(Data records)
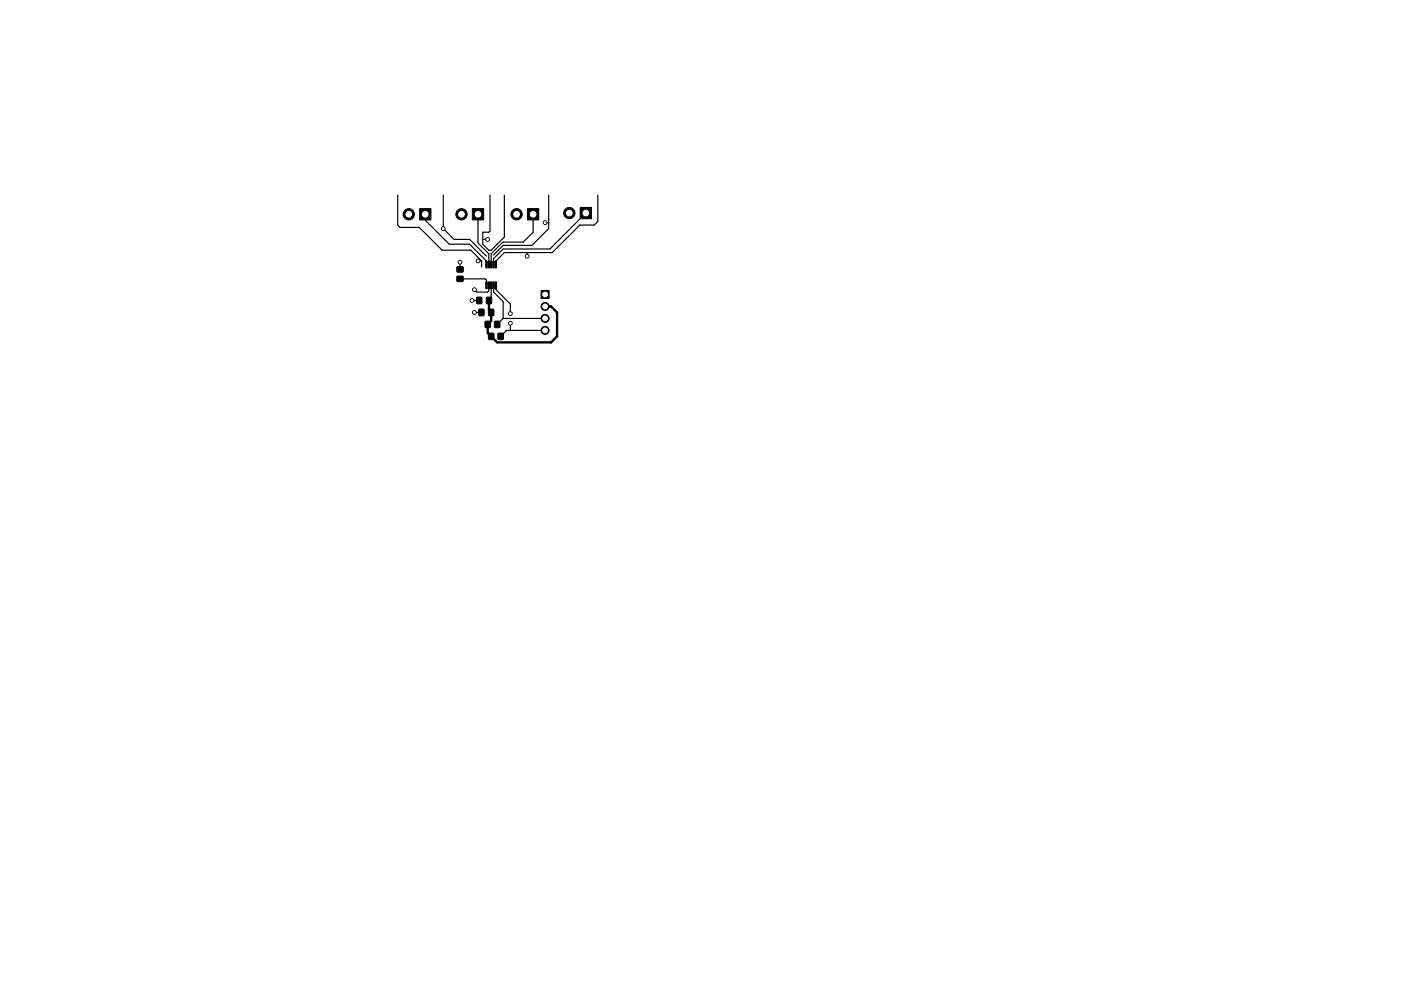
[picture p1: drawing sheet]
<svg xmlns="http://www.w3.org/2000/svg" width="297mm" height="210mm" viewBox="0 0 297 210" stroke-linecap="round" stroke-linejoin="round" font-family="sans-serif">
<g fill="#000" stroke="#000" stroke-width=".21">
<path d="M89 44.3h2.4v2.4h-2.4zM96.9 58.6h1.2l.1 1.1h-1.3zM96.9 56.6h1.2l.1 1.1h-1.3zM100.1 44.3h2.4v2.4h-2.4zM103 55.4l.3 .1-.1 1.4-.2-.1zM103 59.8l.3 .1-.1 1.4-.2-.1zM103.5 55.4l.3 .1-.1 1.4-.2-.1zM103.5 59.8l.3 .1-.1 1.4-.2-.1zM104 55.4l.3 .1-.1 1.4-.2-.1zM104 59.8l.3 .1-.1 1.4-.2-.1zM104.5 55.4l.3 .1-.1 1.4-.2-.1zM104.5 59.8l.3 .1-.1 1.4-.2-.1z"/>
<path d="M105 55.4l.3 .1-.1 1.4-.2-.1zM105 59.8l.3 .1-.1 1.4-.2-.1zM111.8 44.3h2.4v2.4h-2.4zM123 44h2.4v2.4h-2.4zM101.1 63.1h1v1.3h-1zM101.6 65.6l1 .1v1.3l-1.1-.1zM102.9 68.2h1.1l-.1 1.3-1-.1zM103.2 63.1h1v1.3h-1.1zM103.6 65.6l1.1 .1-.1 1.3-1-.1zM103.6 70.7l1.1 .1-.1 1.2h-1zM104.9 68.2h1.1l-.1 1.3-1-.1zM105.6 70.7l1.1 .1-.1 1.2h-1z"/>
<path d="M114.7 61.6h1.7v1.7h-1.7z"/>
<circle cx="86.7" cy="45.5" r="1.2"/>
<circle cx="94" cy="48.5" r=".4"/>
<circle cx="97.5" cy="55.6" r=".4"/>
<circle cx="97.5" cy="55.6" r=".12"/>
<circle cx="97.8" cy="45.5" r="1.2"/>
<circle cx="101.3" cy="55.4" r=".4"/>
<circle cx="103.4" cy="50.8" r=".4"/>
<circle cx="103.4" cy="50.8" r=".12"/>
<circle cx="109.5" cy="45.5" r="1.2"/>
<circle cx="111.8" cy="54.4" r=".4"/>
<circle cx="111.8" cy="54.4" r=".12"/>
<circle cx="115.6" cy="47.2" r=".4"/>
<circle cx="120.7" cy="45.2" r="1.2"/>
<circle cx="100.1" cy="63.7" r=".4"/>
<circle cx="100.6" cy="66.3" r=".4"/>
<circle cx="100.6" cy="61.5" r=".4"/>
<circle cx="108.2" cy="68.6" r=".4"/>
<circle cx="108.2" cy="66.5" r=".4"/>
<circle cx="108.2" cy="68.6" r=".12"/>
<circle cx="115.6" cy="70.1" r=".85"/>
<circle cx="115.6" cy="67.6" r=".85"/>
<circle cx="115.6" cy="65" r=".85"/>
</g>
<g fill="none" stroke="#000" stroke-width=".25">
<path d="M84.3 41.4v6.3l.5 .6h4.1l4.8 4.8h6.1l2.3 2.3M90.2 45.5v1.2l5 5.1h4.4l3.5 3.6v.7M94 41.4v7.1l2.3 2.3h3.3l3.5 3.6M97.5 55.6v1.6M97.5 59.2h5.4l.2 .2v1.1M101.3 45.5v6.1l2.3 2.3v2.2M101.3 55.4h.8M102.1 55.4v1.2M102.4 50.8h1M103.9 41.4v7.6l-.3 .3h-1.2v2.5l1.2 1.3h.5l2.8-2.8v-8.9M111.8 53.6v.8M113 45.5v3.8l-2.1 2.1h-4.3l-2.5 2.4 .1 2.3"/>
<path d="M115.6 47.2h.7M116.3 41.4v7.1l-3.5 3.6h-6.1l-2.1 2M124.2 45.2l-7.6 7.6h-9.9l-2.1 2.1v1.2M126.7 41.4v5.6l-.7 .7h-3.1l-5.8 5.9h-10.2l-1.8 1.8v.7M100.1 63.7h1.5M100.6 66.3h1.5M103.6 60.5v1.2l-.2 .3h-2.3l-.5-.5M104.1 60.5v2.8l-.4 .4M104.6 60.5v1.5l2.1 2v3.6M105.1 60.5v.9l3.1 3.1v2M106.7 67.6l-1.3 1.2M106.7 67.6h8.9"/>
<path d="M108.2 68.6v1.5M115.6 70.1h-8.2l-1.3 1.3"/>
</g>
<path d="M103.7 63.7v2.1l.4 .5v1.8l-.7 .7v1.8l2 2h11.4l1.3-1.2v-5.1l-1.3-1.3h-1.2" fill="none" stroke="#000" stroke-width=".5"/>
<g fill="#fff" stroke="#fff" stroke-width=".21">
<circle cx="100.6" cy="61.5" r=".2"/>
<circle cx="100.1" cy="63.7" r=".2"/>
<circle cx="100.6" cy="66.3" r=".2"/>
<circle cx="115.6" cy="47.2" r=".2"/>
<circle cx="94" cy="48.5" r=".2"/>
<circle cx="101.3" cy="55.4" r=".2"/>
<circle cx="111.8" cy="54.4" r=".2"/>
<circle cx="103.4" cy="50.8" r=".2"/>
<circle cx="97.5" cy="55.6" r=".2"/>
<circle cx="108.2" cy="68.6" r=".2"/>
<circle cx="108.2" cy="66.5" r=".2"/>
<circle cx="125.7" cy="71.4" r="1.1"/>
<circle cx="85.1" cy="71.4" r="1.1"/>
<circle cx="85.1" cy="52.3" r="1.1"/>
<circle cx="125.7" cy="52.3" r="1.1"/>
<circle cx="124.2" cy="45.2" r=".6"/>
<circle cx="120.7" cy="45.2" r=".6"/>
<circle cx="109.5" cy="45.5" r=".6"/>
<circle cx="113" cy="45.5" r=".6"/>
<circle cx="101.3" cy="45.5" r=".6"/>
<circle cx="97.8" cy="45.5" r=".6"/>
<circle cx="86.7" cy="45.5" r=".6"/>
<circle cx="90.2" cy="45.5" r=".6"/>
<circle cx="115.6" cy="62.5" r=".5"/>
<circle cx="115.6" cy="65" r=".5"/>
<circle cx="115.6" cy="67.6" r=".5"/>
<circle cx="115.6" cy="70.1" r=".5"/>
</g>
</svg>

Instructions to follow: Please copy the data above exactly; the pictures do not belong in the copy.

Result below:
[picture p1: drawing sheet]
<svg xmlns="http://www.w3.org/2000/svg" width="297mm" height="210mm" viewBox="0 0 297 210" stroke-linecap="round" stroke-linejoin="round" font-family="sans-serif">
<g fill="#000" stroke="#000" stroke-width=".21">
<path d="M89 44.3h2.4v2.4h-2.4zM96.9 58.6h1.2l.1 1.1h-1.3zM96.9 56.6h1.2l.1 1.1h-1.3zM100.1 44.3h2.4v2.4h-2.4zM103 55.4l.3 .1-.1 1.4-.2-.1zM103 59.8l.3 .1-.1 1.4-.2-.1zM103.5 55.4l.3 .1-.1 1.4-.2-.1zM103.5 59.8l.3 .1-.1 1.4-.2-.1zM104 55.4l.3 .1-.1 1.4-.2-.1zM104 59.8l.3 .1-.1 1.4-.2-.1zM104.5 55.4l.3 .1-.1 1.4-.2-.1zM104.5 59.8l.3 .1-.1 1.4-.2-.1z"/>
<path d="M105 55.4l.3 .1-.1 1.4-.2-.1zM105 59.8l.3 .1-.1 1.4-.2-.1zM111.8 44.3h2.4v2.4h-2.4zM123 44h2.4v2.4h-2.4zM101.1 63.1h1v1.3h-1zM101.6 65.6l1 .1v1.3l-1.1-.1zM102.9 68.2h1.1l-.1 1.3-1-.1zM103.2 63.1h1v1.3h-1.1zM103.6 65.6l1.1 .1-.1 1.3-1-.1zM103.6 70.7l1.1 .1-.1 1.2h-1zM104.9 68.2h1.1l-.1 1.3-1-.1zM105.6 70.7l1.1 .1-.1 1.2h-1z"/>
<path d="M114.7 61.6h1.7v1.7h-1.7z"/>
<circle cx="86.7" cy="45.5" r="1.2"/>
<circle cx="94" cy="48.5" r=".4"/>
<circle cx="97.5" cy="55.6" r=".4"/>
<circle cx="97.5" cy="55.6" r=".12"/>
<circle cx="97.8" cy="45.5" r="1.2"/>
<circle cx="101.3" cy="55.4" r=".4"/>
<circle cx="103.4" cy="50.8" r=".4"/>
<circle cx="103.4" cy="50.8" r=".12"/>
<circle cx="109.5" cy="45.5" r="1.2"/>
<circle cx="111.8" cy="54.4" r=".4"/>
<circle cx="111.8" cy="54.4" r=".12"/>
<circle cx="115.6" cy="47.2" r=".4"/>
<circle cx="120.7" cy="45.2" r="1.2"/>
<circle cx="100.1" cy="63.7" r=".4"/>
<circle cx="100.6" cy="66.3" r=".4"/>
<circle cx="100.6" cy="61.5" r=".4"/>
<circle cx="108.2" cy="68.6" r=".4"/>
<circle cx="108.2" cy="66.5" r=".4"/>
<circle cx="108.2" cy="68.6" r=".12"/>
<circle cx="115.6" cy="70.1" r=".85"/>
<circle cx="115.6" cy="67.6" r=".85"/>
<circle cx="115.6" cy="65" r=".85"/>
</g>
<g fill="none" stroke="#000" stroke-width=".25">
<path d="M84.3 41.4v6.3l.5 .6h4.1l4.8 4.8h6.1l2.3 2.3M90.2 45.5v1.2l5 5.1h4.4l3.5 3.6v.7M94 41.4v7.1l2.3 2.3h3.3l3.5 3.6M97.5 55.6v1.6M97.5 59.2h5.4l.2 .2v1.1M101.3 45.5v6.1l2.3 2.3v2.2M101.3 55.4h.8M102.1 55.4v1.2M102.4 50.8h1M103.9 41.4v7.6l-.3 .3h-1.2v2.5l1.2 1.3h.5l2.8-2.8v-8.9M111.8 53.6v.8M113 45.5v3.8l-2.1 2.1h-4.3l-2.5 2.4 .1 2.3"/>
<path d="M115.6 47.2h.7M116.3 41.4v7.1l-3.5 3.6h-6.1l-2.1 2M124.2 45.2l-7.6 7.6h-9.9l-2.1 2.1v1.2M126.7 41.4v5.6l-.7 .7h-3.1l-5.8 5.9h-10.2l-1.8 1.8v.7M100.1 63.7h1.5M100.6 66.3h1.5M103.6 60.5v1.2l-.2 .3h-2.3l-.5-.5M104.1 60.5v2.8l-.4 .4M104.6 60.5v1.5l2.1 2v3.6M105.1 60.5v.9l3.1 3.1v2M106.7 67.6l-1.3 1.2M106.7 67.6h8.9"/>
<path d="M108.2 68.6v1.5M115.6 70.1h-8.2l-1.3 1.3"/>
</g>
<path d="M103.7 63.7v2.1l.4 .5v1.8l-.7 .7v1.8l2 2h11.4l1.3-1.2v-5.1l-1.3-1.3h-1.2" fill="none" stroke="#000" stroke-width=".5"/>
<g fill="#fff" stroke="#fff" stroke-width=".21">
<circle cx="100.6" cy="61.5" r=".2"/>
<circle cx="100.1" cy="63.7" r=".2"/>
<circle cx="100.6" cy="66.3" r=".2"/>
<circle cx="115.6" cy="47.2" r=".2"/>
<circle cx="94" cy="48.5" r=".2"/>
<circle cx="101.3" cy="55.4" r=".2"/>
<circle cx="111.8" cy="54.4" r=".2"/>
<circle cx="103.4" cy="50.8" r=".2"/>
<circle cx="97.5" cy="55.6" r=".2"/>
<circle cx="108.2" cy="68.6" r=".2"/>
<circle cx="108.2" cy="66.5" r=".2"/>
<circle cx="125.7" cy="71.4" r="1.1"/>
<circle cx="85.1" cy="71.4" r="1.1"/>
<circle cx="85.1" cy="52.3" r="1.1"/>
<circle cx="125.7" cy="52.3" r="1.1"/>
<circle cx="124.2" cy="45.2" r=".6"/>
<circle cx="120.7" cy="45.2" r=".6"/>
<circle cx="109.5" cy="45.5" r=".6"/>
<circle cx="113" cy="45.5" r=".6"/>
<circle cx="101.3" cy="45.5" r=".6"/>
<circle cx="97.8" cy="45.5" r=".6"/>
<circle cx="86.7" cy="45.5" r=".6"/>
<circle cx="90.2" cy="45.5" r=".6"/>
<circle cx="115.6" cy="62.5" r=".5"/>
<circle cx="115.6" cy="65" r=".5"/>
<circle cx="115.6" cy="67.6" r=".5"/>
<circle cx="115.6" cy="70.1" r=".5"/>
</g>
</svg>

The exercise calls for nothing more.